Many people will sell you some sort of workflow that works around the problem, but it's the same old tired arguments people would use to defend traditional compiled languages, and I'm not buying.

I really wish they would find a way to truly solve this.

I would say the almost every version of Julia 1.x has better in terms of code startup.

as in 1.7 > 1.6 > 1.5 > 1.4 > 1.3 > etc...

it's especially goten way better since julia 1.5, so really mostly in the last few years.

In julia 1.8, what's interesting to me is that the julia runtime will be separated from the llvm codegen; https://github.com/JuliaLang/julia/pull/41936

the immediate effect is to allow small static binaries without a huge runtime (namely the LLVM ORC), but the side effect is probably that the interpreter will also get better in cases where you don't want JIT.

> [EDIT]: one thing that's still not solved in Julia is code startup time.

> Many people will sell you some sort of workflow that works around the problem, but it's the same old tired arguments people would use to defend traditional compiled languages, and I'm not buying.

I mean, Julia has a REPL so you can basically edit code as the process runs, which definitely makes startup time less of an issue.
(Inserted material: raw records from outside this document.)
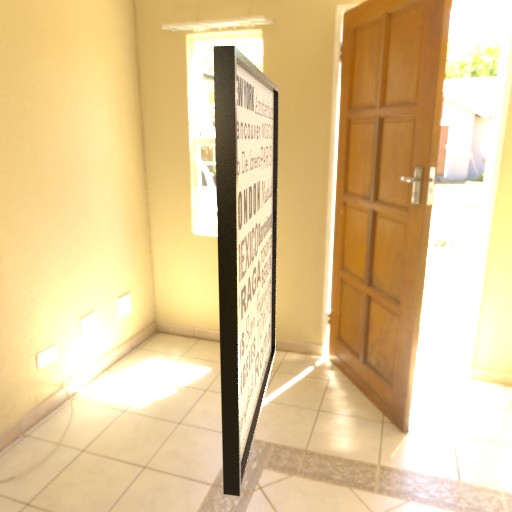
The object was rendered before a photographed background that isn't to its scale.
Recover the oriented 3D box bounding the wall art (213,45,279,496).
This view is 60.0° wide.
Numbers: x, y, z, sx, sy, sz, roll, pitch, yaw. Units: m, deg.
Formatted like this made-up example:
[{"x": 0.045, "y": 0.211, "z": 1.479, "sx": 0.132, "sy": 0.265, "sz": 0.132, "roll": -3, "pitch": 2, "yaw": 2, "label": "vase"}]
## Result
[{"x": 0.000, "y": 0.000, "z": 1.362, "sx": 0.043, "sy": 1.046, "sz": 0.788, "roll": 2, "pitch": 15, "yaw": 9, "label": "wall art"}]
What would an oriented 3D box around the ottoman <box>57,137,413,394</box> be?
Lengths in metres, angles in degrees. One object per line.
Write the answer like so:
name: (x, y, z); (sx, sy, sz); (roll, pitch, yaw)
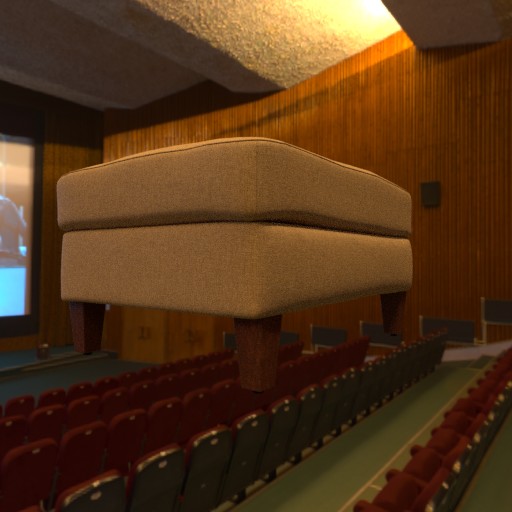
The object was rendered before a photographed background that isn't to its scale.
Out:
ottoman: (0.000, 0.000, 1.307); (0.677, 0.519, 0.898); (0, 0, 36)
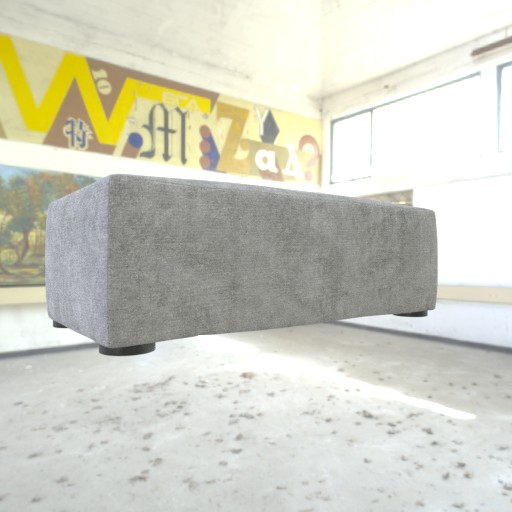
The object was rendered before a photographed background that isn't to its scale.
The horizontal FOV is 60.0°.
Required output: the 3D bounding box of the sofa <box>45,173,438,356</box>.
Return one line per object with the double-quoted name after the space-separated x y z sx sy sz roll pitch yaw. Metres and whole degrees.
0.000 0.000 1.149 0.930 0.330 0.480 0 0 -36 "sofa"
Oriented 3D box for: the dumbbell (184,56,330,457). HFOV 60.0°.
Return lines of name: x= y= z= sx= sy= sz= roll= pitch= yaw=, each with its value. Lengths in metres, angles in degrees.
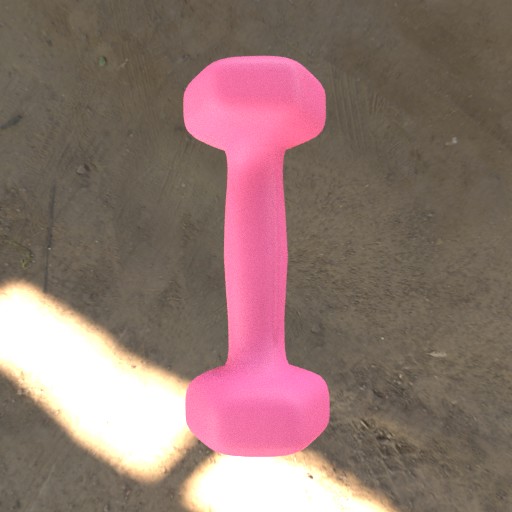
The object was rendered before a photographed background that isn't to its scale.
dumbbell: x=0.000 y=0.000 z=0.176 sx=0.058 sy=0.053 sz=0.146 roll=0 pitch=89 yaw=0
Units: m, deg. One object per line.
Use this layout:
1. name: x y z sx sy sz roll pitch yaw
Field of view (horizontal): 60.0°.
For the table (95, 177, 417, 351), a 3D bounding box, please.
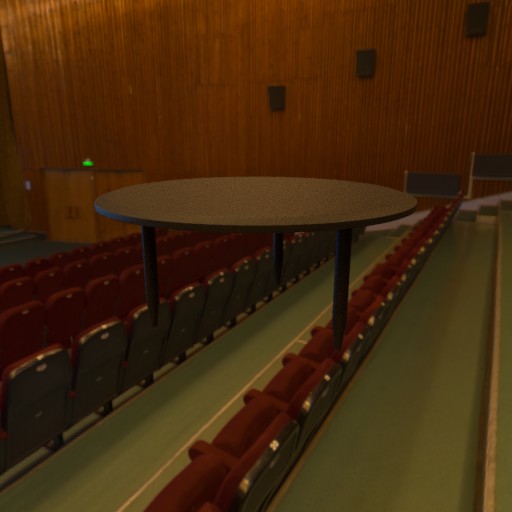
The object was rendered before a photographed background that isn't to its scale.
1. table: 0.000 0.000 1.360 0.900 0.400 0.900 0 16 0
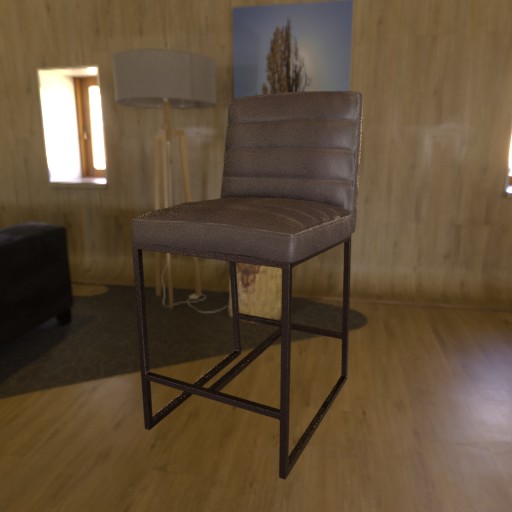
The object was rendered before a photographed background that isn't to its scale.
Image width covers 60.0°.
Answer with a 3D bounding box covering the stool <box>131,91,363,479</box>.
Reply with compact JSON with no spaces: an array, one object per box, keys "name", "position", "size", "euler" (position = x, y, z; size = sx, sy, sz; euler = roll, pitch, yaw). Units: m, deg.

The fact Julia can produce such fast code is also pretty nice.

Starting a new process every time you want to run a snippet of code isn't getting the best out of a dynamic language...

this is just false. Julia has partir based threading (like go).
I do like JS quite a bit, I was a hater until a few years ago when I had to start working with it more than a snippet here and there, but I still prefer python on the backend. I think JS makes a lot of sense for frontend with the way everything is async.